Transforming Static Images into Cinematic Explosions with Wan2.1

CN
ComfyUI.org
2025-05-19 08:55:26

1. Workflow Overview

mauumu9tvtq58vwwigc9e5cbefdb6b0b2c9fc798e2ab43dcc7c80e57cdddb072b9760c34a52c610d973.gif

This workflow generates high-dynamic explosion effect videos using the "Wan2.1" video generation model, transforming static images (e.g., mecha characters) into dynamic clips with explosions, fire, and debris. Key features:

  • Image-to-Video: Adds effects like explosions based on input images.

  • Multimodal Control: Combines text prompts (e.g., "intense explosion + terrified expression") with image semantics.

  • Professional Optimization: Supports tiled rendering and VRAM management for HD output.

Core Models:

  • Wan2.1-I2V-14B: Main video model (14B params, 480P output).

  • UMT5-XXL Text Encoder: Processes Chinese/English prompts.

  • Explosion LoRA: WAN2.1 ZOEY Explosion I2V_Alpha, enhances physics details.


2. Key Components

Critical Nodes:

  1. WanVideoModelLoader:

    • Loads Wan2.1 model (Wan2_1-I2V-14B-480P_fp8_e4m3fn.safetensors).

    • Supports bf16/fp8 precision and VRAM optimization.

  2. WanVideoTextEncode:

    • Input bilingual prompts (e.g., "baozha, violent explosion behind the character...").

    • Uses UMT5-XXL for text embeddings.

  3. WanVideoLoraSelect:

    • Loads explosion LoRA (default weight: 1.0).

  4. WanVideoSampler:

    • Key sampler settings:

      • Steps: 20

      • Sampler: dpm++_sde (optimal for motion).

      • Seed: 1057359483639287 (fixed).

  5. VHS_VideoCombine:

    • Final video synthesis (MP4/GIF, 16fps, CRF19).

Dependencies:

  • Install ComfyUI-WanVideoWrapper and ComfyUI-VideoHelperSuite.
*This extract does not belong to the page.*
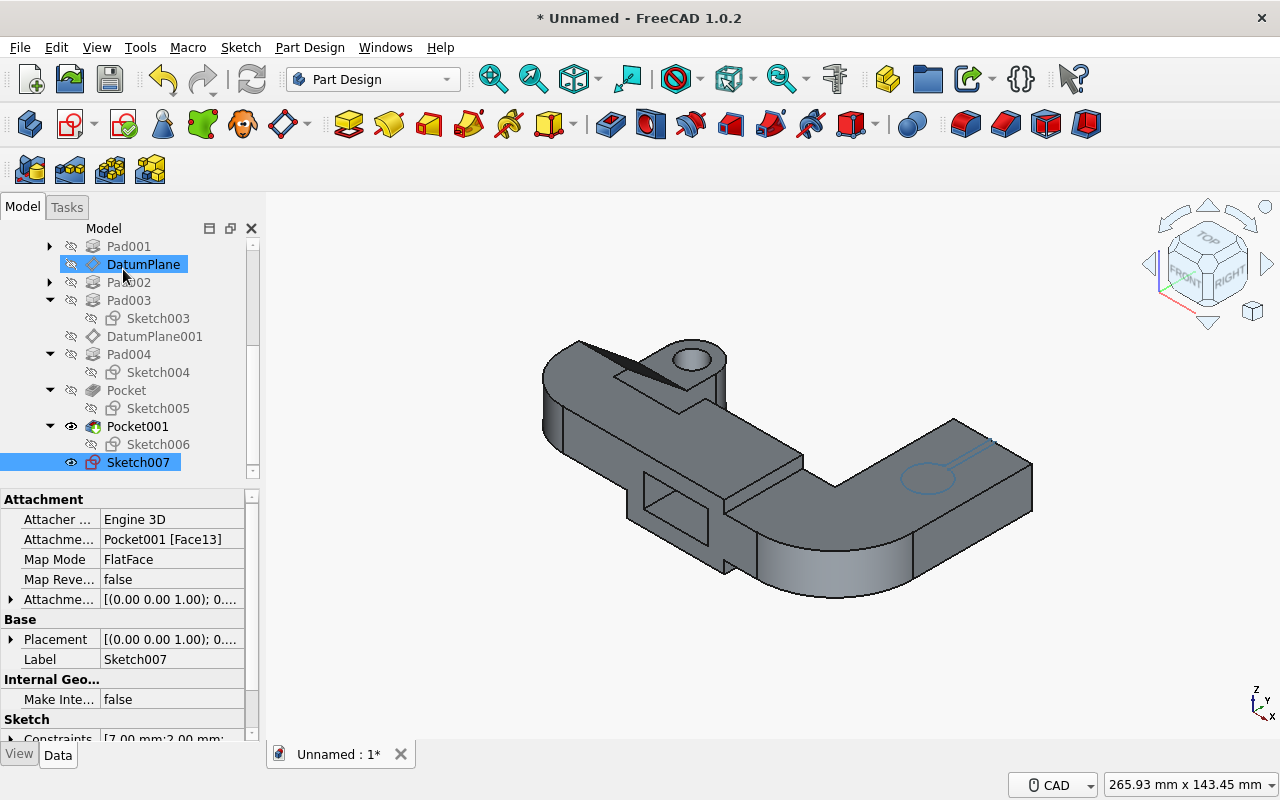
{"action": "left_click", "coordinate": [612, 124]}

  • Download models from LibLibAI to:

    • Main model: ComfyUI/models/wan_video

    • LoRA: ComfyUI/models/loras


3. Workflow Structure

  1. Model Loading:

    • Load video model, text encoder, VAE, and LoRA.

  2. Input Processing:

    • Resize input image (e.g., mecha_valkyrie.png to 832x832) → CLIP vision encode.

  3. Video Generation:

    • Fuse text/image embeddings → Sampler → Latent frames.

  4. Output:

    • Decode latent → Combine video → Save as MP4 (default: WanVideo2_1_T2V).


4. Input & Output

Input Parameters:

  • Image: Recommended resolution ≥832x832 (e.g., mecha valkyrie image).

  • Text Prompt: Must include explosion keywords (Chinese/English).

  • Seed: Random or fixed (e.g., 1057359483639287).

Output:

  • 480P MP4 video with explosion effects (saved to ComfyUI/output).

  • Example output description:

    "Violent explosion behind the character, flying debris, terrified expression, vibrant colors."


5. Notes

  • VRAM: ≥16GB required (24GB recommended for HD rendering).

  • Compatibility:

    • Only works with Wan2.1 models (not compatible with Stable Diffusion).

    • LoRAs must match Wan2.1-I2V version.

  • Troubleshooting:

    • Missing WanVideoWrapper causes node errors.

    • Adjust ImageResizeKJ if input isn't square.